PROBLEM STATEMENT |
Output each record in full, exactly as it stands.

Records excerpted from a collection:
┌──
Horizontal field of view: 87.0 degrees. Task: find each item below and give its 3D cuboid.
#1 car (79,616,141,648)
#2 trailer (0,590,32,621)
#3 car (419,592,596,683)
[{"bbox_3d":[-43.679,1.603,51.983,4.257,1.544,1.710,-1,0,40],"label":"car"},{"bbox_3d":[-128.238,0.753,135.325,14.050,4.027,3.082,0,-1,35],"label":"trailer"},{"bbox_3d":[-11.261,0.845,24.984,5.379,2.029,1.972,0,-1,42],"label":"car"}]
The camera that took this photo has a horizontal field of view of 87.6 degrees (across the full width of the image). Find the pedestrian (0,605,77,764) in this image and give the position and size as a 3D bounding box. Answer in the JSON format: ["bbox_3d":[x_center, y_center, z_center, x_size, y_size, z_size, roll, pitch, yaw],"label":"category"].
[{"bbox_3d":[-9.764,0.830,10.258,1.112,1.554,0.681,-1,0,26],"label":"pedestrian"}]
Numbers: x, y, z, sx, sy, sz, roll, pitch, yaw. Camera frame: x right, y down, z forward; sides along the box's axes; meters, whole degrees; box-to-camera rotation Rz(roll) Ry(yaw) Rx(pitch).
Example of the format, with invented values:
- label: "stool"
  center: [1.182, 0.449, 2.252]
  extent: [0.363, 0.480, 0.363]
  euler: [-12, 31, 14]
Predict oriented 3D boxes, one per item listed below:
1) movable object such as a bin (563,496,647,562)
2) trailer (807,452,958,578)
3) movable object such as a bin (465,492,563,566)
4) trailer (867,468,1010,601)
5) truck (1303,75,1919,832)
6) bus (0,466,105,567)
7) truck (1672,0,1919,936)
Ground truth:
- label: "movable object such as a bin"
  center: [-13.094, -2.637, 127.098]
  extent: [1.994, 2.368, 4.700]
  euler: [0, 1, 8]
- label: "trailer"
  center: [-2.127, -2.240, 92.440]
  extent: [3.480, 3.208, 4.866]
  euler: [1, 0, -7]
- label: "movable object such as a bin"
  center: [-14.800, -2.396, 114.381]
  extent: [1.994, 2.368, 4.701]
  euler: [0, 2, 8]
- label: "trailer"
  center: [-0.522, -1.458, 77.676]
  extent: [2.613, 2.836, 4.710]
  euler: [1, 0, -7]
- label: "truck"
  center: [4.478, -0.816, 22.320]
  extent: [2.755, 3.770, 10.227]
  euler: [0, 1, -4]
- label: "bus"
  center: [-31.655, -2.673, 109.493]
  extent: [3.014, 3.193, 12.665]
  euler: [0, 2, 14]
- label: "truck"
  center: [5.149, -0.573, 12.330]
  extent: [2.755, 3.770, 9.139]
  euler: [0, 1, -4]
└──
TASK RESPONSE |
Horizontal field of view: 87.0 degrees. Task: find each item below and give its 3D cuboid.
#1 car (79,616,141,648)
#2 trailer (0,590,32,621)
#3 car (419,592,596,683)
[{"bbox_3d":[-43.679,1.603,51.983,4.257,1.544,1.710,-1,0,40],"label":"car"},{"bbox_3d":[-128.238,0.753,135.325,14.050,4.027,3.082,0,-1,35],"label":"trailer"},{"bbox_3d":[-11.261,0.845,24.984,5.379,2.029,1.972,0,-1,42],"label":"car"}]
The camera that took this photo has a horizontal field of view of 87.6 degrees (across the full width of the image). Find the pedestrian (0,605,77,764) in this image and give the position and size as a 3D bounding box. Answer in the JSON format: ["bbox_3d":[x_center, y_center, z_center, x_size, y_size, z_size, roll, pitch, yaw],"label":"category"].
[{"bbox_3d":[-9.764,0.830,10.258,1.112,1.554,0.681,-1,0,26],"label":"pedestrian"}]
Numbers: x, y, z, sx, sy, sz, roll, pitch, yaw. Camera frame: x right, y down, z forward; sides along the box's axes; meters, whole degrees; box-to-camera rotation Rz(roll) Ry(yaw) Rx(pitch).
Example of the format, with invented values:
- label: "stool"
  center: [1.182, 0.449, 2.252]
  extent: [0.363, 0.480, 0.363]
  euler: [-12, 31, 14]
Predict oriented 3D boxes, one per item listed below:
1) movable object such as a bin (563,496,647,562)
2) trailer (807,452,958,578)
3) movable object such as a bin (465,492,563,566)
4) trailer (867,468,1010,601)
5) truck (1303,75,1919,832)
6) bus (0,466,105,567)
7) truck (1672,0,1919,936)
Ground truth:
- label: "movable object such as a bin"
  center: [-13.094, -2.637, 127.098]
  extent: [1.994, 2.368, 4.700]
  euler: [0, 1, 8]
- label: "trailer"
  center: [-2.127, -2.240, 92.440]
  extent: [3.480, 3.208, 4.866]
  euler: [1, 0, -7]
- label: "movable object such as a bin"
  center: [-14.800, -2.396, 114.381]
  extent: [1.994, 2.368, 4.701]
  euler: [0, 2, 8]
- label: "trailer"
  center: [-0.522, -1.458, 77.676]
  extent: [2.613, 2.836, 4.710]
  euler: [1, 0, -7]
- label: "truck"
  center: [4.478, -0.816, 22.320]
  extent: [2.755, 3.770, 10.227]
  euler: [0, 1, -4]
- label: "bus"
  center: [-31.655, -2.673, 109.493]
  extent: [3.014, 3.193, 12.665]
  euler: [0, 2, 14]
- label: "truck"
  center: [5.149, -0.573, 12.330]
  extent: [2.755, 3.770, 9.139]
  euler: [0, 1, -4]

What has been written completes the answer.